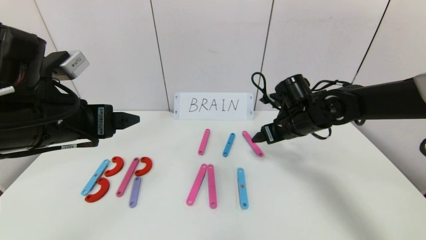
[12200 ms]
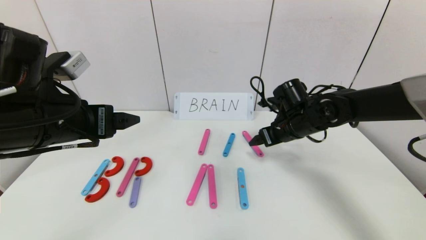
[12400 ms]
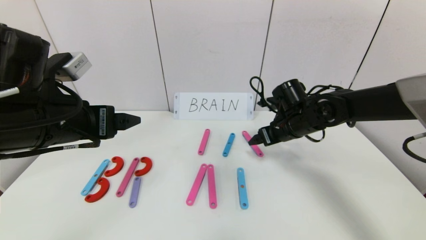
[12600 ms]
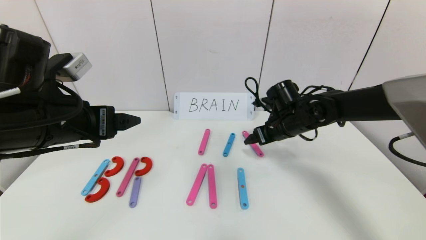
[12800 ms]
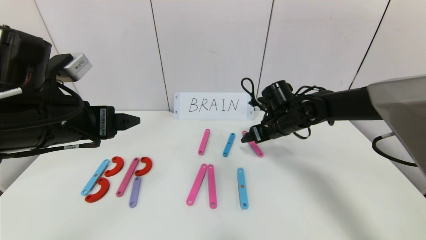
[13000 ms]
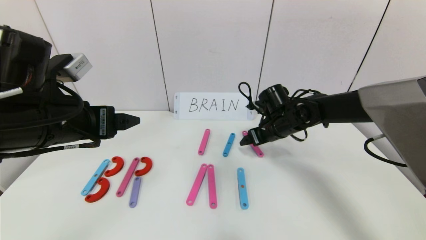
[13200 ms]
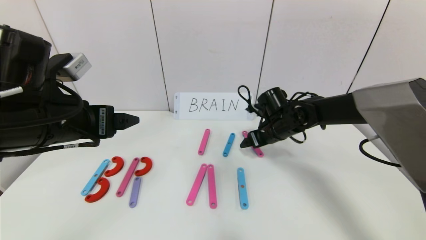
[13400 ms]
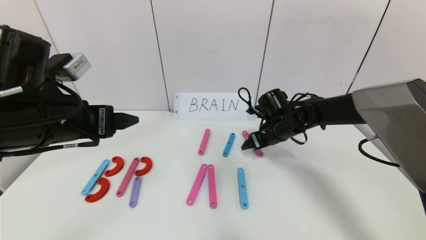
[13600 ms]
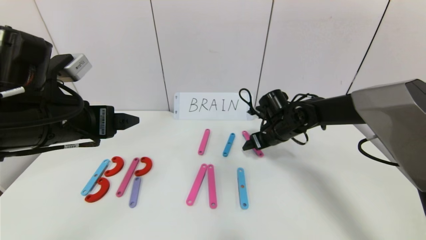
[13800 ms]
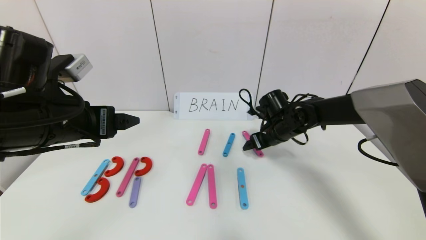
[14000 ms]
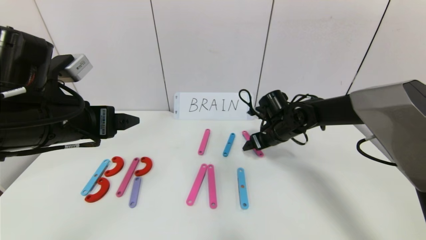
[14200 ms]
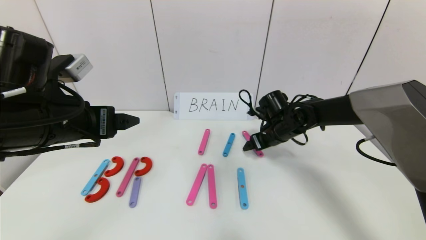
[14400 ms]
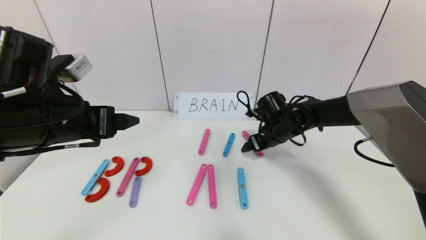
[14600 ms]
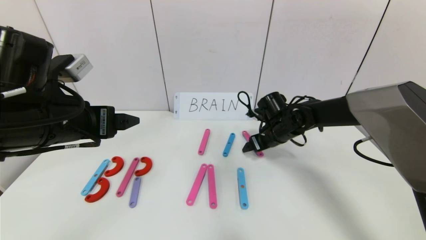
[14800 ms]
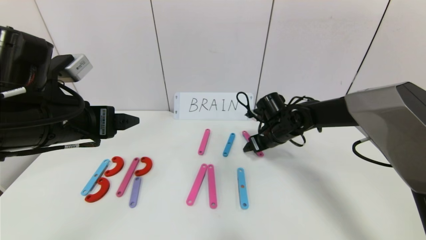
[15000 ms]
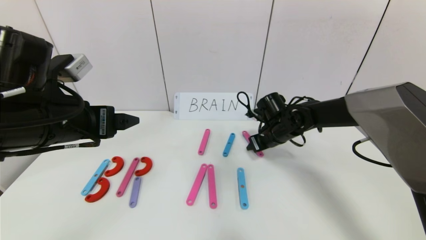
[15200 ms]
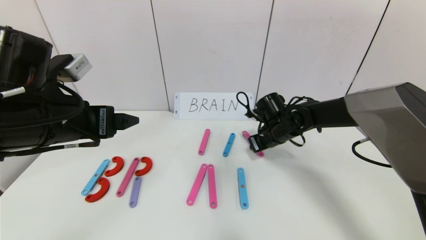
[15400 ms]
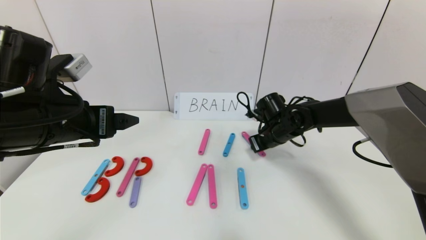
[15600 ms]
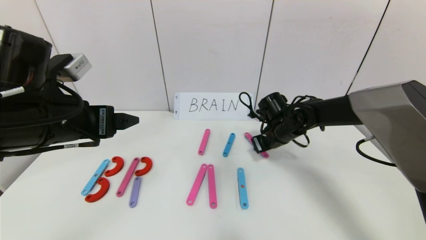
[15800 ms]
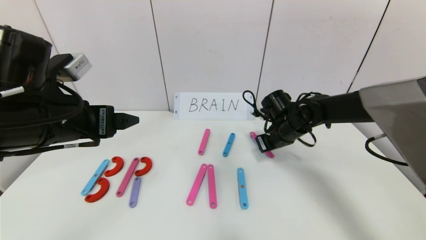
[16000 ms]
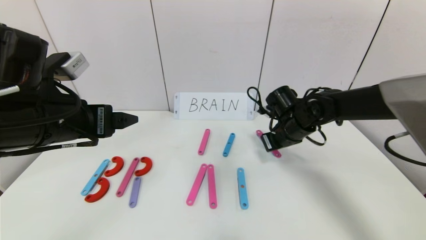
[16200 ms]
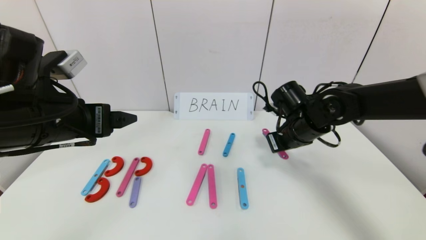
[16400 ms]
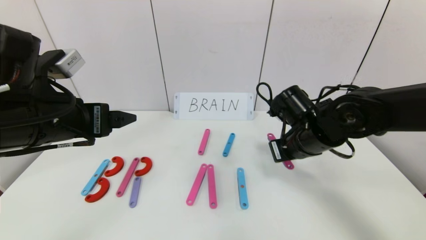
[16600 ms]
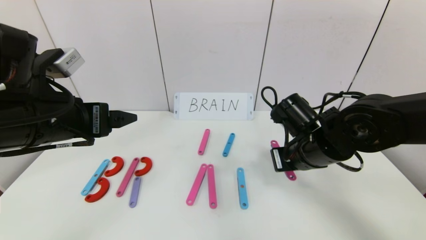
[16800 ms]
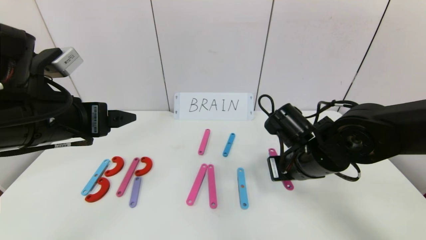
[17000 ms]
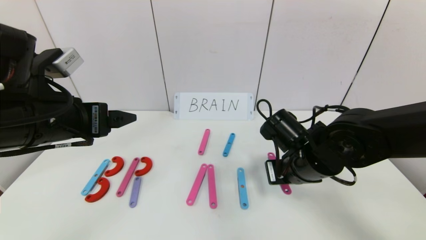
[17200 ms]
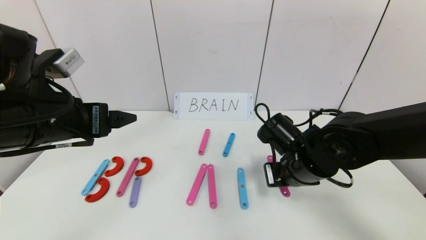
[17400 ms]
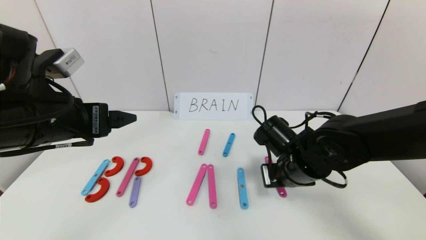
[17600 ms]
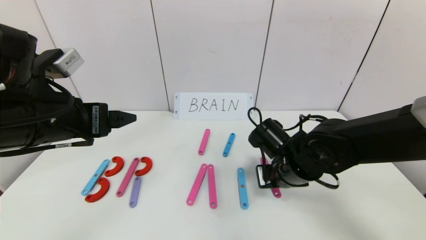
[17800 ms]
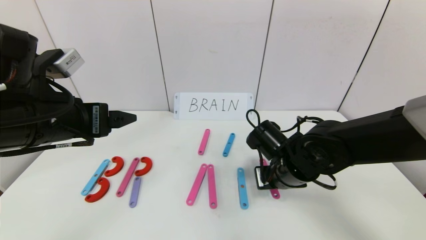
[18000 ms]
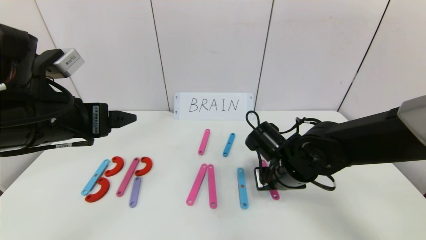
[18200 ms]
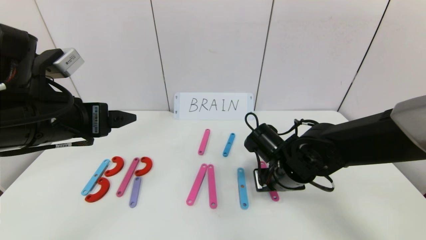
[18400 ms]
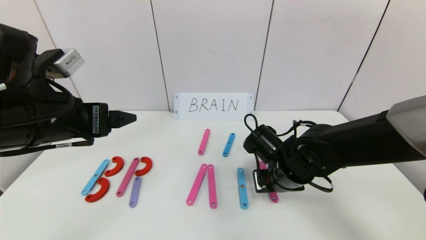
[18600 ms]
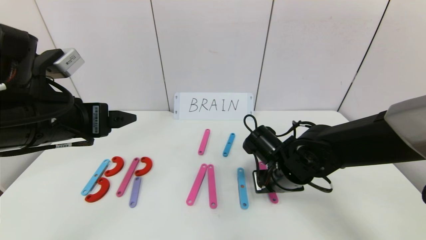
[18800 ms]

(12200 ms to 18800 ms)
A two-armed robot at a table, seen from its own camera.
Task of the whole recording: rearrange the word baai as brain.
12200 ms - 13800 ms: The right gripper ends up approximately 5 cm from where it was.
13800 ms - 15400 ms: The right gripper closes up.
15400 ms - 17200 ms: The right gripper heads backward, covering some 15 cm.
17200 ms - 18800 ms: There are only small adjustments of the grippers.

→ Exercise aim
The whole listing above must be set down again exactly, but without its images.

→ Output
[12200 ms]
[12400 ms]
[12600 ms]
[12800 ms]
[13000 ms]
[13200 ms]
[13400 ms]
[13600 ms]
[13800 ms]
[14000 ms]
[14200 ms]
[14400 ms]
[14600 ms]
[14800 ms]
[15000 ms]
[15200 ms]
[15400 ms]
[15600 ms]
[15800 ms]
[16000 ms]
[16200 ms]
[16400 ms]
[16600 ms]
[16800 ms]
[17000 ms]
[17200 ms]
[17400 ms]
[17600 ms]
[17800 ms]
[18000 ms]
[18200 ms]
[18400 ms]
[18600 ms]
[18800 ms]

(12200 ms to 18800 ms)
A two-armed robot at a table, seen from its own camera.
Task of the whole recording: rearrange the word baai as brain.
12200 ms - 13800 ms: The right gripper ends up approximately 5 cm from where it was.
13800 ms - 15400 ms: The right gripper closes up.
15400 ms - 17200 ms: The right gripper heads backward, covering some 15 cm.
17200 ms - 18800 ms: There are only small adjustments of the grippers.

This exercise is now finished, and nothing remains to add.